The biosynthetic dogma of ribosomally synthesized and posttranslationally modified peptides (RiPP) involves enzymatic intermolecular modification of core peptide motifs in precursor peptides. The plant-specific BURP-domain protein family, named after their four founding members, includes autocatalytic peptide cyclases involved in the biosynthesis of side-chain-macrocyclic plant RiPPs. Here we show that AhyBURP, a representative of the founding Unknown Seed Protein-type BURP-domain subfamily, catalyzes intramolecular macrocyclizations of its core peptide during the sequential biosynthesis of monocyclic lyciumin I via glycine-tryptophan crosslinking and bicyclic legumenin via glutamine-tyrosine crosslinking. X-ray crystallography of AhyBURP reveals the BURP-domain fold with two type II copper centers derived from a conserved stapled-disulfide and His motif. We show the macrocyclization of lyciumin-C(sp³)-N-bond formation followed by legumenin-C(sp³)-O-bond formation requires dioxygen and radical involvement based on enzyme assays in anoxic conditions and isotopic labeling. Our study expands enzymatic intramolecular modifications beyond catalytic moiety and chromophore biogenesis to RiPP biosynthesis.

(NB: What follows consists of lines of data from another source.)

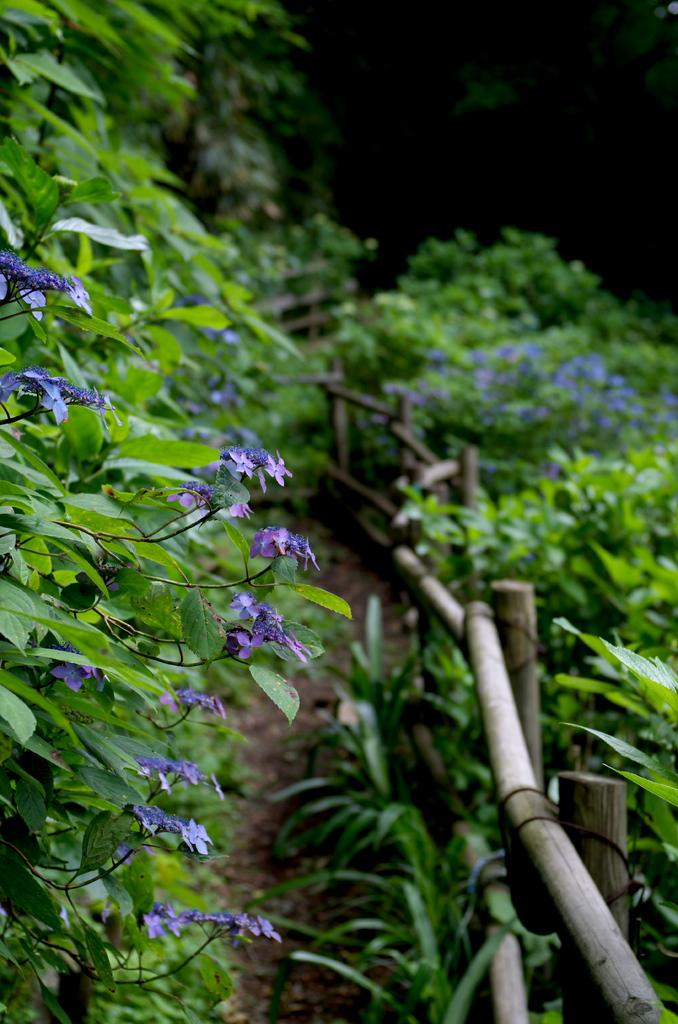What type of plants can be seen in the image? There are plants with flowers in the image. What material is the fencing made of in the image? The fencing in the image is made of wood. Can you describe the background of the image? The background of the image is blurred. How many planes can be seen flying over the plants in the image? There are no planes visible in the image; it only features plants with flowers and a wooden fencing. 
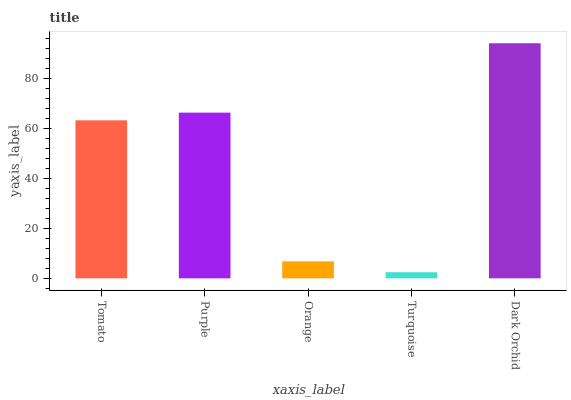Is Turquoise the minimum?
Answer yes or no. Yes. Is Dark Orchid the maximum?
Answer yes or no. Yes. Is Purple the minimum?
Answer yes or no. No. Is Purple the maximum?
Answer yes or no. No. Is Purple greater than Tomato?
Answer yes or no. Yes. Is Tomato less than Purple?
Answer yes or no. Yes. Is Tomato greater than Purple?
Answer yes or no. No. Is Purple less than Tomato?
Answer yes or no. No. Is Tomato the high median?
Answer yes or no. Yes. Is Tomato the low median?
Answer yes or no. Yes. Is Turquoise the high median?
Answer yes or no. No. Is Purple the low median?
Answer yes or no. No. 
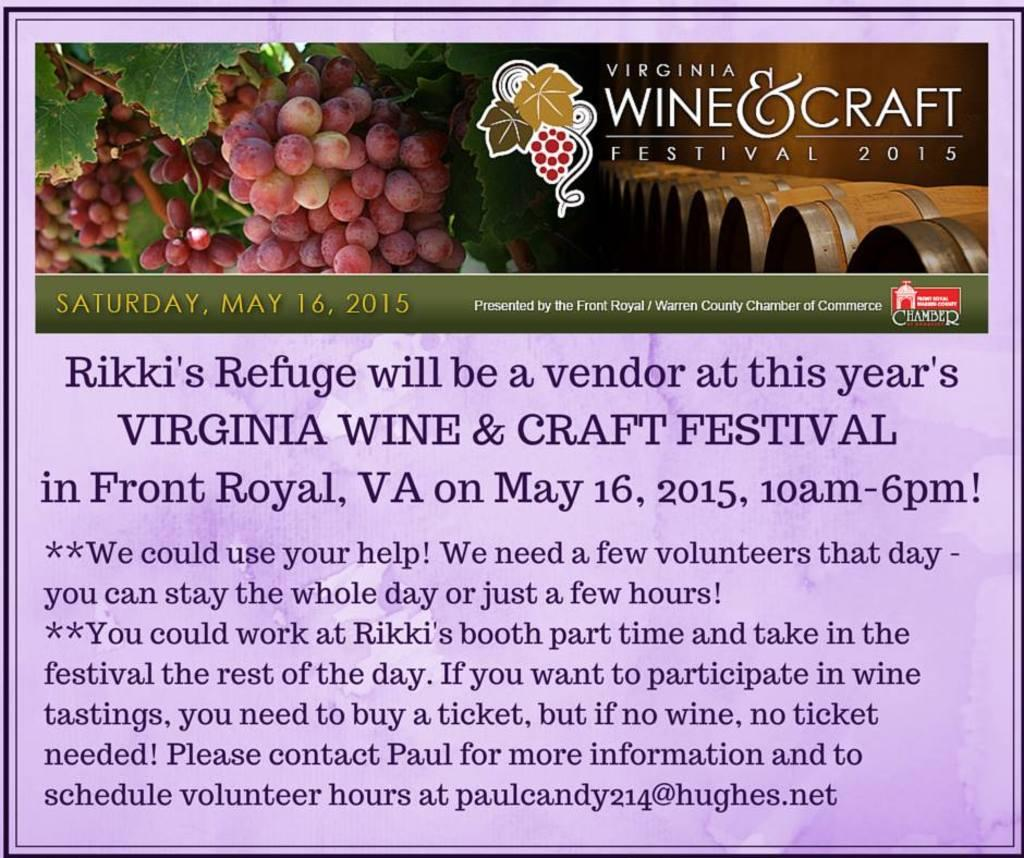What type of image might this be? The image might be a poster. What type of fruit is depicted in the image? There are grapes depicted in the image. What other elements are present in the image besides grapes? There are leaves and barrels depicted in the image. Is there any text present in the image? Yes, there is text at the top and bottom of the image. How does the writer contribute to pollution in the image? There is no writer or pollution present in the image. What type of roll is depicted in the image? There is no roll depicted in the image. 
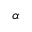Convert formula to latex. <formula><loc_0><loc_0><loc_500><loc_500>\alpha</formula> 
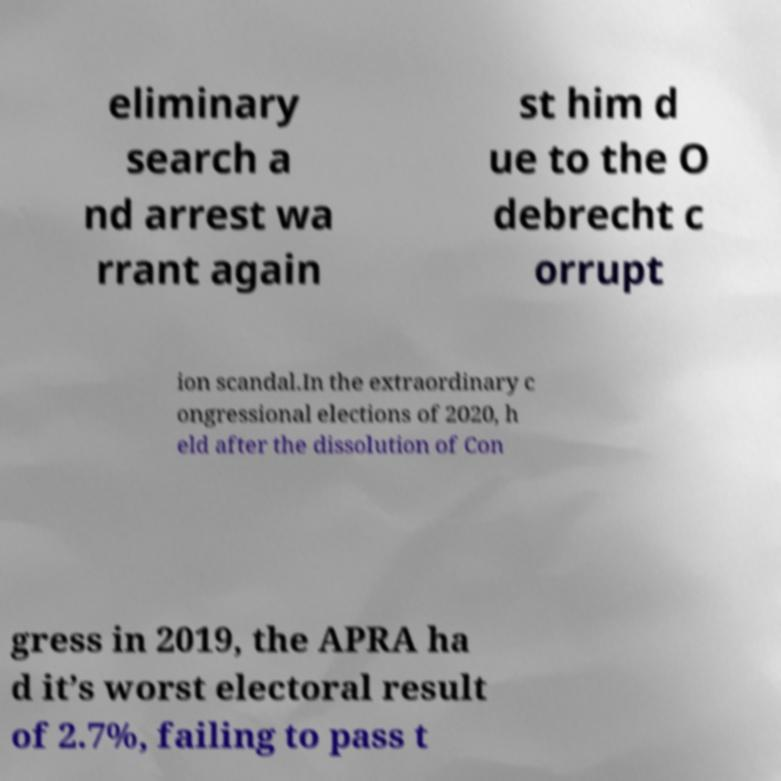Please read and relay the text visible in this image. What does it say? eliminary search a nd arrest wa rrant again st him d ue to the O debrecht c orrupt ion scandal.In the extraordinary c ongressional elections of 2020, h eld after the dissolution of Con gress in 2019, the APRA ha d it’s worst electoral result of 2.7%, failing to pass t 
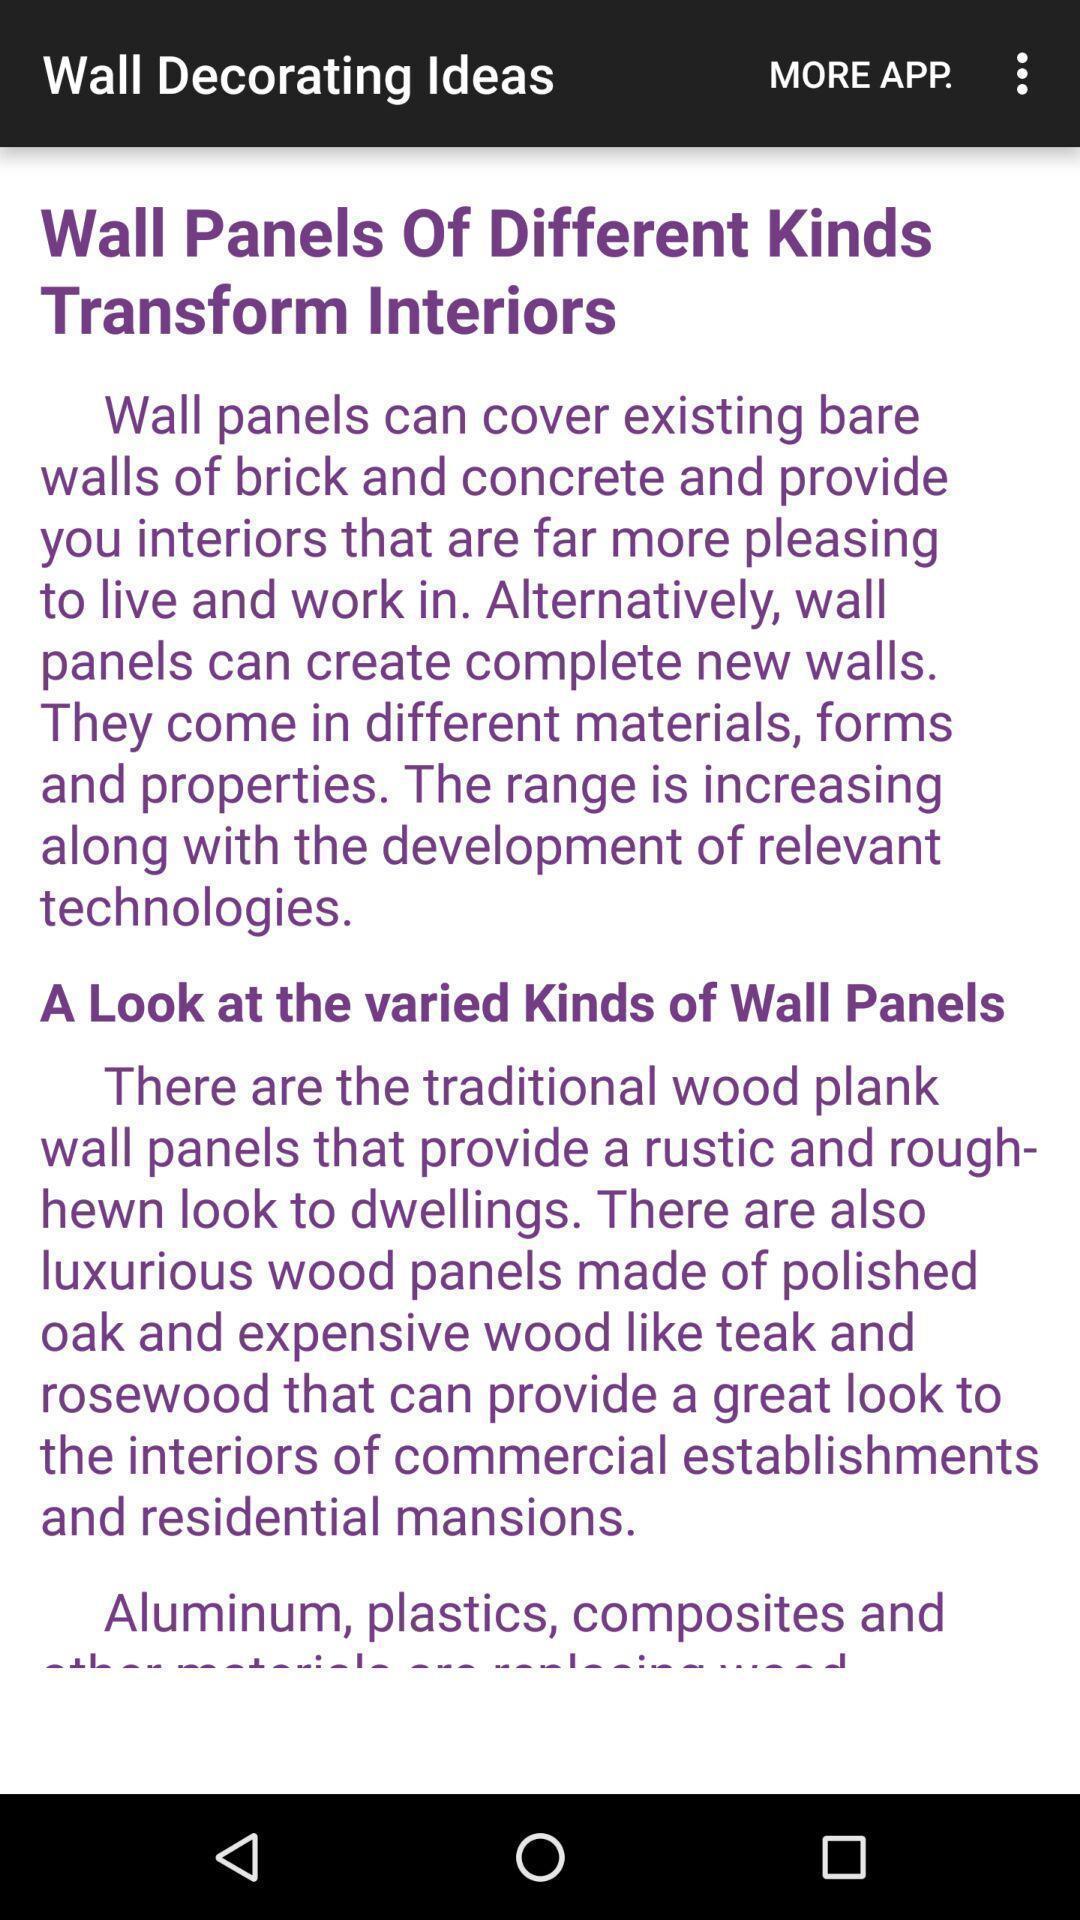What details can you identify in this image? Various info regarding decoration ideas displayed. 
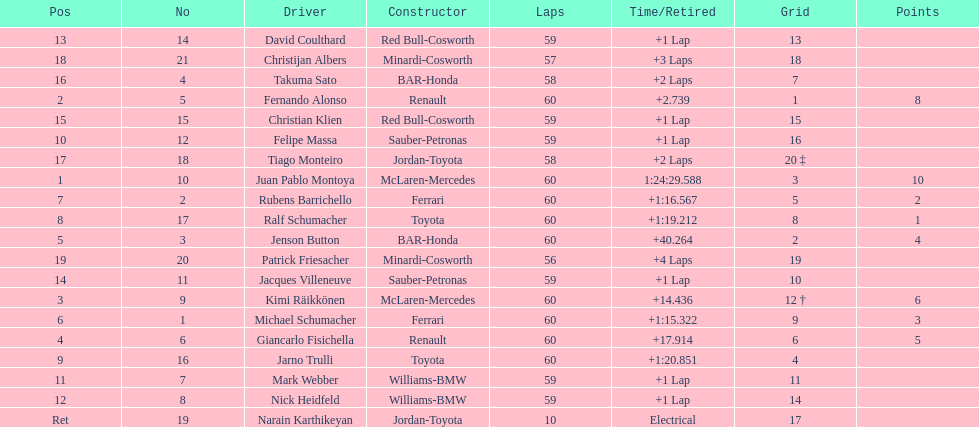After 8th position, how many points does a driver receive? 0. I'm looking to parse the entire table for insights. Could you assist me with that? {'header': ['Pos', 'No', 'Driver', 'Constructor', 'Laps', 'Time/Retired', 'Grid', 'Points'], 'rows': [['13', '14', 'David Coulthard', 'Red Bull-Cosworth', '59', '+1 Lap', '13', ''], ['18', '21', 'Christijan Albers', 'Minardi-Cosworth', '57', '+3 Laps', '18', ''], ['16', '4', 'Takuma Sato', 'BAR-Honda', '58', '+2 Laps', '7', ''], ['2', '5', 'Fernando Alonso', 'Renault', '60', '+2.739', '1', '8'], ['15', '15', 'Christian Klien', 'Red Bull-Cosworth', '59', '+1 Lap', '15', ''], ['10', '12', 'Felipe Massa', 'Sauber-Petronas', '59', '+1 Lap', '16', ''], ['17', '18', 'Tiago Monteiro', 'Jordan-Toyota', '58', '+2 Laps', '20 ‡', ''], ['1', '10', 'Juan Pablo Montoya', 'McLaren-Mercedes', '60', '1:24:29.588', '3', '10'], ['7', '2', 'Rubens Barrichello', 'Ferrari', '60', '+1:16.567', '5', '2'], ['8', '17', 'Ralf Schumacher', 'Toyota', '60', '+1:19.212', '8', '1'], ['5', '3', 'Jenson Button', 'BAR-Honda', '60', '+40.264', '2', '4'], ['19', '20', 'Patrick Friesacher', 'Minardi-Cosworth', '56', '+4 Laps', '19', ''], ['14', '11', 'Jacques Villeneuve', 'Sauber-Petronas', '59', '+1 Lap', '10', ''], ['3', '9', 'Kimi Räikkönen', 'McLaren-Mercedes', '60', '+14.436', '12 †', '6'], ['6', '1', 'Michael Schumacher', 'Ferrari', '60', '+1:15.322', '9', '3'], ['4', '6', 'Giancarlo Fisichella', 'Renault', '60', '+17.914', '6', '5'], ['9', '16', 'Jarno Trulli', 'Toyota', '60', '+1:20.851', '4', ''], ['11', '7', 'Mark Webber', 'Williams-BMW', '59', '+1 Lap', '11', ''], ['12', '8', 'Nick Heidfeld', 'Williams-BMW', '59', '+1 Lap', '14', ''], ['Ret', '19', 'Narain Karthikeyan', 'Jordan-Toyota', '10', 'Electrical', '17', '']]} 
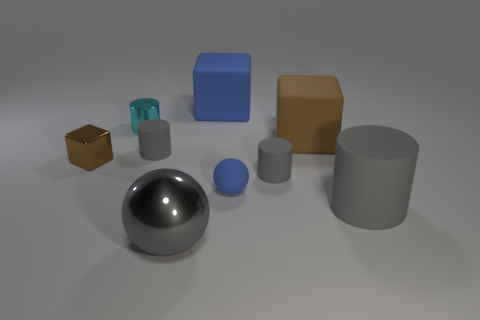There is a metal thing that is the same shape as the large gray matte object; what color is it?
Give a very brief answer. Cyan. Does the brown metallic thing have the same shape as the brown thing to the right of the blue rubber ball?
Give a very brief answer. Yes. Is there a object of the same color as the small block?
Keep it short and to the point. Yes. There is a metal thing that is behind the brown matte object; what size is it?
Ensure brevity in your answer.  Small. What number of other matte objects have the same shape as the large blue object?
Give a very brief answer. 1. What is the material of the gray thing that is both left of the blue cube and in front of the matte sphere?
Provide a succinct answer. Metal. Do the blue ball and the large blue thing have the same material?
Make the answer very short. Yes. What number of cyan rubber cylinders are there?
Provide a succinct answer. 0. There is a sphere right of the big object in front of the big gray object behind the big metallic ball; what is its color?
Offer a terse response. Blue. Do the big rubber cylinder and the big shiny sphere have the same color?
Your answer should be very brief. Yes.

核糖体合成和翻译后修饰肽 (RiPP) 的生物合成法则涉及前体肽中核心肽基序的酶促分子间修饰。植物特异性 BURP 结构域蛋白家族以其四个创始成员命名，包括参与侧链大环植物 RiPP 生物合成的自催化肽环化酶。在这里，我们展示了AhyBURP，作为创始未知种子蛋白型BURP结构域亚家族的代表，在通过甘氨酸-色氨酸交联的单环枸杞素I和通过谷氨酰胺-酪氨酸交联的双环豆豆素的连续生物合成过程中催化其核心肽的分子内大环化。 AhyBURP 的 X 射线晶体学揭示了 BURP 结构域折叠，具有两个源自保守的钉合二硫键和 His 基序的 II 型铜中心。基于缺氧条件下的酶测定和同位素标记，我们证明了枸杞素-C( sp ³ )-N-键形成的大环化以及豆科蛋白-C( sp ³ )-O-键形成需要双氧和自由基的参与。我们的研究将酶促分子内修饰扩展到催化部分和发色团生物发生之外，扩展到 RiPP 生物合成。